> _Exercise brief_: Which lines of the records below contain the string "size"? Report each of them.

..........

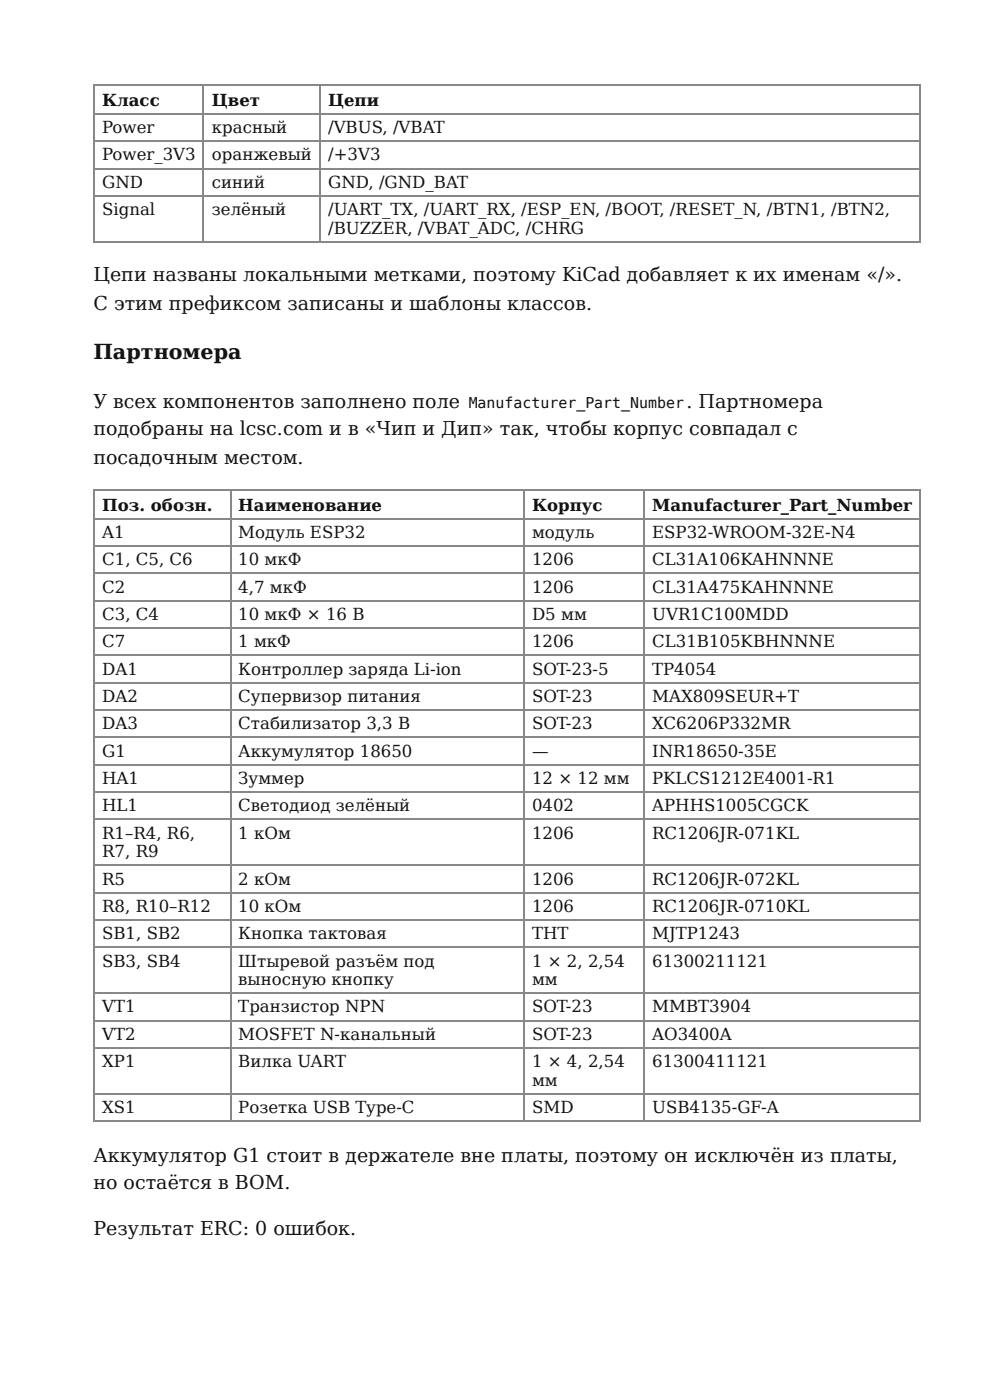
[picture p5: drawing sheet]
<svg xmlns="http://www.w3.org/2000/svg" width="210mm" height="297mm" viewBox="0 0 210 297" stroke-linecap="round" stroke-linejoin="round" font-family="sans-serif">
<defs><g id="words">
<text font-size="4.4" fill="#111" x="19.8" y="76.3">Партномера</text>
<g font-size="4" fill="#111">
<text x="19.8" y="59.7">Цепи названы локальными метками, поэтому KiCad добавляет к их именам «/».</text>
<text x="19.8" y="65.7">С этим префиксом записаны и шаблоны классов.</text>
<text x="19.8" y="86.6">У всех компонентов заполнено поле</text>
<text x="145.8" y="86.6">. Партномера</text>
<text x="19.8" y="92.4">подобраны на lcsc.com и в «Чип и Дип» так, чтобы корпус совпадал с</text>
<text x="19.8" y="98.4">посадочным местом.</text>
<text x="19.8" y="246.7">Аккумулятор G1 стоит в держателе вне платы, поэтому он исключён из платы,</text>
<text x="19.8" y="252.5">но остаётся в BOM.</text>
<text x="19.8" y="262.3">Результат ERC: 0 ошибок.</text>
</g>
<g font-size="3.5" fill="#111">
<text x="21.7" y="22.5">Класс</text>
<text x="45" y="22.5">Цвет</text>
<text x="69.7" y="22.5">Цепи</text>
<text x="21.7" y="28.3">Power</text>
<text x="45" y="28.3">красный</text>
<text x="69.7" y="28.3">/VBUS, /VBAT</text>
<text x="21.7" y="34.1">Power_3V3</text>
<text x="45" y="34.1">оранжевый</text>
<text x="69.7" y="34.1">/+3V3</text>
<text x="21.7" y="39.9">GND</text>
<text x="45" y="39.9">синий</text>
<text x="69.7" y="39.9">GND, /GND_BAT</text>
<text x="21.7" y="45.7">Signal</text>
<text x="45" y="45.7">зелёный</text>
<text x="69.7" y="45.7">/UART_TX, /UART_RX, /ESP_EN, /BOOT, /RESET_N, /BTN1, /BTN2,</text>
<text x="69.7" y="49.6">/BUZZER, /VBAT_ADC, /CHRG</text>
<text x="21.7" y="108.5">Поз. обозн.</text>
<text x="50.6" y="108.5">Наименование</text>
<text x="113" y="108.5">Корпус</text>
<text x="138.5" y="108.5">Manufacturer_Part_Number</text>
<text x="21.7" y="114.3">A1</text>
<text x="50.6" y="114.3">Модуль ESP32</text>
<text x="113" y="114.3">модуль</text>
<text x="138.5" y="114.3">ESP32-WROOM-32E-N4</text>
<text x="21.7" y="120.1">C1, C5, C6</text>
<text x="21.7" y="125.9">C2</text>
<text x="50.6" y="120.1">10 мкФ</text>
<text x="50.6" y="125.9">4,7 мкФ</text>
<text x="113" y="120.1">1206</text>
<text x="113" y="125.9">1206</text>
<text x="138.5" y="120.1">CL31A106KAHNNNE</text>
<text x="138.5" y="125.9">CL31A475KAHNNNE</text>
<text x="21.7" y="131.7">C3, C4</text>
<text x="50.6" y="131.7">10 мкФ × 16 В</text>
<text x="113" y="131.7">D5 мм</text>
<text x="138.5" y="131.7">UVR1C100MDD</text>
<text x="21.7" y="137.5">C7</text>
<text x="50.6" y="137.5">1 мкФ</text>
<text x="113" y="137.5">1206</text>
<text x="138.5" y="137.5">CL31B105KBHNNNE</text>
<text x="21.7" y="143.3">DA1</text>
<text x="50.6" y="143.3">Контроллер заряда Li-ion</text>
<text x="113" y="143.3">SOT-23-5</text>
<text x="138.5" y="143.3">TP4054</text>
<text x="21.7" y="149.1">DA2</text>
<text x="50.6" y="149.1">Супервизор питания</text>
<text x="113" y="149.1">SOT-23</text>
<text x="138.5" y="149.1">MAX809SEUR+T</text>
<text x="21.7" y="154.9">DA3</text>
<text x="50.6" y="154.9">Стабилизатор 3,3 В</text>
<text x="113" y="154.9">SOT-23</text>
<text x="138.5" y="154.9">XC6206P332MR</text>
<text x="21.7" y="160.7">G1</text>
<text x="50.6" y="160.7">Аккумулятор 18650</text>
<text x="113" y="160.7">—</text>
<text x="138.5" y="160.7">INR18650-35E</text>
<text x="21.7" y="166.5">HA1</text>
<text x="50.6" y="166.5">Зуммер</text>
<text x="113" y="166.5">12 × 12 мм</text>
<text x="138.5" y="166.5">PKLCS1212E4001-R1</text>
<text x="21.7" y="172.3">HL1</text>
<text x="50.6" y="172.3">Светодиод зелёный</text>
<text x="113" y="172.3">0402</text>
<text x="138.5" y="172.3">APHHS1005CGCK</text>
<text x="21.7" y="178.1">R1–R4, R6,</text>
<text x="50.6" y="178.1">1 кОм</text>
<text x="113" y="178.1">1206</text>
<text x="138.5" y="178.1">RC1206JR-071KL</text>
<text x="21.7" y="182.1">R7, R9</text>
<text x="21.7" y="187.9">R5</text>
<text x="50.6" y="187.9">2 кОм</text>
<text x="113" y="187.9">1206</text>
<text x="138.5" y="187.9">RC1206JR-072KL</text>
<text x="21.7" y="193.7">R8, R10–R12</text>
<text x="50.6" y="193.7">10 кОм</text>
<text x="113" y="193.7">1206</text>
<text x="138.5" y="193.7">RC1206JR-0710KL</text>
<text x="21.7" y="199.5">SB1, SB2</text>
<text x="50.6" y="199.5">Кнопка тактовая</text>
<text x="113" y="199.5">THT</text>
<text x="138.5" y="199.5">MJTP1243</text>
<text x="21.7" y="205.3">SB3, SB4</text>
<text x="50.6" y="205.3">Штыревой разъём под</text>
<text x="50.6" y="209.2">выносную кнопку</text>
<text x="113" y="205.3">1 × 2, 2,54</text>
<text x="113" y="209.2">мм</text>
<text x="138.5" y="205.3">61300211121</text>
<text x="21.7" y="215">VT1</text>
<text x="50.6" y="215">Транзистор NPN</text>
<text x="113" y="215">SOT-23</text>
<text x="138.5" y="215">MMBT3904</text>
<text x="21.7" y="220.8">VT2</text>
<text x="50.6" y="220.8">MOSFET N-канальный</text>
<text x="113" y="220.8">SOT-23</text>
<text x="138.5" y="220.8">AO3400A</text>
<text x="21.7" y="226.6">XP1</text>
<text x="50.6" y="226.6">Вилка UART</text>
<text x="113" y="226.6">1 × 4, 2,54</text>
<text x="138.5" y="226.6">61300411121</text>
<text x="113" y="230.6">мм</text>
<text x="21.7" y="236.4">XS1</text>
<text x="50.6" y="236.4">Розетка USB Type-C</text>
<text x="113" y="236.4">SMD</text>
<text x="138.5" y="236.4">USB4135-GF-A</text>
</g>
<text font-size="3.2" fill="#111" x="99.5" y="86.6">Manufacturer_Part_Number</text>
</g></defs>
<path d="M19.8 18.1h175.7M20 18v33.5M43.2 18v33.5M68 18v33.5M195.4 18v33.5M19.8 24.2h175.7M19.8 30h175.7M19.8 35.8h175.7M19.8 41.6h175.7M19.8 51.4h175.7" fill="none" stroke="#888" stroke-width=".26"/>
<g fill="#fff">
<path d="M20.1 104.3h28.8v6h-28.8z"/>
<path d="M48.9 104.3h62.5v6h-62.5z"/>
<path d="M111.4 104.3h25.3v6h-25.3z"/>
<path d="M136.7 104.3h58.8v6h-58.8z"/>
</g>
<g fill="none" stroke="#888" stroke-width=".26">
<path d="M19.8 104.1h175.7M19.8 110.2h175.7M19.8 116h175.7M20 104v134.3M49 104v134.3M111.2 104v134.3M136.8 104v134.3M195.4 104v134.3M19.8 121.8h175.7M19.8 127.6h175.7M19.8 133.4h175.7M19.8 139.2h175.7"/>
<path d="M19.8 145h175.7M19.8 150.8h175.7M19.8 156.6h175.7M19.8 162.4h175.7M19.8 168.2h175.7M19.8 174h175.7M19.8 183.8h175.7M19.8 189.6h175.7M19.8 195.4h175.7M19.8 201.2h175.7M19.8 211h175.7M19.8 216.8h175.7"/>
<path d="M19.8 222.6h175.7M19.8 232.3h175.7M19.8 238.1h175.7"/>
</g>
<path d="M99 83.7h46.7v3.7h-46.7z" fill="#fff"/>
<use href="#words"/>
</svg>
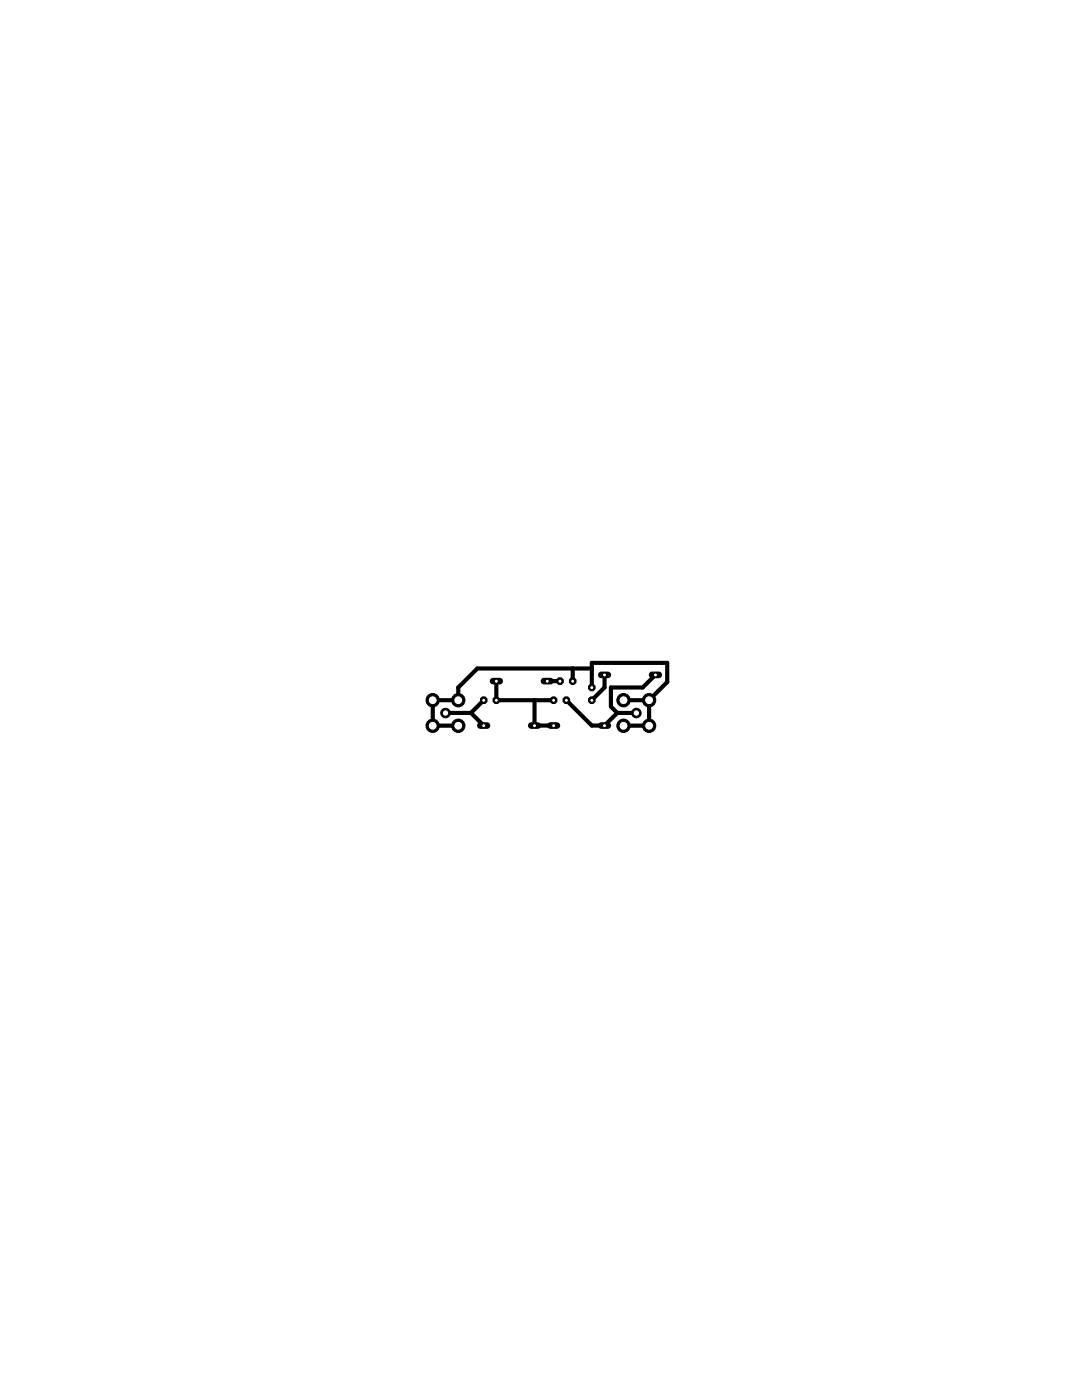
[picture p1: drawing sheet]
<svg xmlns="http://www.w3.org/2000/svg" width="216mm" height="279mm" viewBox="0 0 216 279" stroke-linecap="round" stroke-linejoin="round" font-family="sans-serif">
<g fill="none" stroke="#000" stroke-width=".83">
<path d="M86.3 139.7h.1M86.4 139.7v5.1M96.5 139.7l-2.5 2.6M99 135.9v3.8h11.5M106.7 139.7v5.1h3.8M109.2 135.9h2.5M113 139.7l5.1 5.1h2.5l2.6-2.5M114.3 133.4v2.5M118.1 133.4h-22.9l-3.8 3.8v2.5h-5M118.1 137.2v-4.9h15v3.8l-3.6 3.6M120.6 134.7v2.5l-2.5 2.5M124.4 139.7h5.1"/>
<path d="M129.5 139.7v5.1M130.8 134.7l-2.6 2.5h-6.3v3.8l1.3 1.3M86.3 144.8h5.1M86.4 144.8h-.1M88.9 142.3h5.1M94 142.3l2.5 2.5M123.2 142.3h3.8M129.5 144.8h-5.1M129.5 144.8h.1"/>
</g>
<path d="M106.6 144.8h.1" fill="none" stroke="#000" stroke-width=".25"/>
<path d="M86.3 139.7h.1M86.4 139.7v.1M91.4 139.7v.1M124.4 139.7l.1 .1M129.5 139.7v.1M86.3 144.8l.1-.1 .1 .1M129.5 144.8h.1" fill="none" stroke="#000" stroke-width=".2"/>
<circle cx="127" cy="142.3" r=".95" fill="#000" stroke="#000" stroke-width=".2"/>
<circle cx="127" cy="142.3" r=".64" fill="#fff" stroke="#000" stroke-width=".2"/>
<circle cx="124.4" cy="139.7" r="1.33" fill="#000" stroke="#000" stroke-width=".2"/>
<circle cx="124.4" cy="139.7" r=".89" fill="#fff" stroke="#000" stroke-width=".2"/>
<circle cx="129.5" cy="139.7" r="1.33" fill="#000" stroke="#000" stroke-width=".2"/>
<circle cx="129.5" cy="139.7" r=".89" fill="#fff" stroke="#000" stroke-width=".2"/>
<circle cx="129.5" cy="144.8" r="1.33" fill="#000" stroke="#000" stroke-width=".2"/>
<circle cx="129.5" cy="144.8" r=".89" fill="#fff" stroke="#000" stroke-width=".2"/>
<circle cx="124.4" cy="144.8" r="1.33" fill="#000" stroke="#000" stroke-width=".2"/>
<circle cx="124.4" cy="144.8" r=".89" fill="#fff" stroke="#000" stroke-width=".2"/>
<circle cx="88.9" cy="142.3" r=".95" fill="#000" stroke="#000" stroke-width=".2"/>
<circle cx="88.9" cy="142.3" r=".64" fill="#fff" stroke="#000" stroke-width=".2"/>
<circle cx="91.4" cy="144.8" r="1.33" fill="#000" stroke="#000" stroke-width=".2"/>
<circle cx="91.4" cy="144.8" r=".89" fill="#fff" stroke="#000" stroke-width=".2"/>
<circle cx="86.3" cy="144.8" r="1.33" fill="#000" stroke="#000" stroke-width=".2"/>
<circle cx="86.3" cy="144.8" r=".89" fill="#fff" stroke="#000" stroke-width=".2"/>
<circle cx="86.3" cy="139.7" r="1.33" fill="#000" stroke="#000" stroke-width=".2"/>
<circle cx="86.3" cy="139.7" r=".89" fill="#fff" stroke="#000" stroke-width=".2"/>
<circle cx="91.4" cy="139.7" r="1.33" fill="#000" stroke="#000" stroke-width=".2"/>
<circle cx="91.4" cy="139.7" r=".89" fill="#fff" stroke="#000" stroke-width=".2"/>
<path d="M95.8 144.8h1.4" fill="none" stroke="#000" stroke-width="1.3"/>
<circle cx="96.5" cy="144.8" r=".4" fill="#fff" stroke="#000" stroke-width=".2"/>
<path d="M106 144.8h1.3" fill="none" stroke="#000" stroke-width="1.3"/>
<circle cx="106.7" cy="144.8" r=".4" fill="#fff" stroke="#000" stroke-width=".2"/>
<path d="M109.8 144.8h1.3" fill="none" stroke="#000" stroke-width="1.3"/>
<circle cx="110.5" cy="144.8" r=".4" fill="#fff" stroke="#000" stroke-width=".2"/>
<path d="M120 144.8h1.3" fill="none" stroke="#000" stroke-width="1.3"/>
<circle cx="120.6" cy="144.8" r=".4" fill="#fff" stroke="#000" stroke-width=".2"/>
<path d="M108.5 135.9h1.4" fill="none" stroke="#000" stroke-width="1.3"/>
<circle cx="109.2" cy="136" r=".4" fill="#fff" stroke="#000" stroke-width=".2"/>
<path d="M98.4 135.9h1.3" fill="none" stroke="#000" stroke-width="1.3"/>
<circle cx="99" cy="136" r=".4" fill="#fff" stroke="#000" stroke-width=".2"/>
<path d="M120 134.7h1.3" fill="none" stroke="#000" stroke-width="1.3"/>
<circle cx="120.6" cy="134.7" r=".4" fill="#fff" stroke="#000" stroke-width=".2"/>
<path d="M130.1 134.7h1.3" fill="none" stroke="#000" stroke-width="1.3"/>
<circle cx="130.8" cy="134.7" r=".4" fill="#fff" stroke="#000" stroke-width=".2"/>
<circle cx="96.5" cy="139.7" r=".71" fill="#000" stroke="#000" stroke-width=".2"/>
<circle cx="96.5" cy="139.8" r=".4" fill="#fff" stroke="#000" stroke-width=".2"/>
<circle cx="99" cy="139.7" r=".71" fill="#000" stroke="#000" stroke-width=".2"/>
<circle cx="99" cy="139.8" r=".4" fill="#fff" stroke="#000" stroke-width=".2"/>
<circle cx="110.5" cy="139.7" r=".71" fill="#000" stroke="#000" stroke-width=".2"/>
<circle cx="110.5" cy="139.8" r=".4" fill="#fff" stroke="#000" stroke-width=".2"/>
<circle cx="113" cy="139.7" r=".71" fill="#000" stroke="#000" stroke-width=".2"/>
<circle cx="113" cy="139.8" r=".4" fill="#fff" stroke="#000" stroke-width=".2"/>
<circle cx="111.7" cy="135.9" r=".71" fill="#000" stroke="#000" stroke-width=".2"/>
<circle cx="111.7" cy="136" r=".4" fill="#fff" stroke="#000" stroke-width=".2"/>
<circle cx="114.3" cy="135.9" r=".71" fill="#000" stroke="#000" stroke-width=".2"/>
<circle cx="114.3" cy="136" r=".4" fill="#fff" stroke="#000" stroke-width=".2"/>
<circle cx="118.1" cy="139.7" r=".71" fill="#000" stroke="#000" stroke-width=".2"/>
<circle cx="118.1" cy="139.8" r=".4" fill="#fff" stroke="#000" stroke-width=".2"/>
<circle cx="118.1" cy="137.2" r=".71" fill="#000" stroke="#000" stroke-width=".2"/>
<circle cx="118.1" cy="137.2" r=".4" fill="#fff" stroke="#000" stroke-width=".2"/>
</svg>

..........

> _Result of the task_:
<text font-size="4.4" fill="#111" x="19.8" y="76.3">Партномера</text>
<g font-size="4" fill="#111">
<g font-size="3.5" fill="#111">
<text font-size="3.2" fill="#111" x="99.5" y="86.6">Manufacturer_Part_Number</text>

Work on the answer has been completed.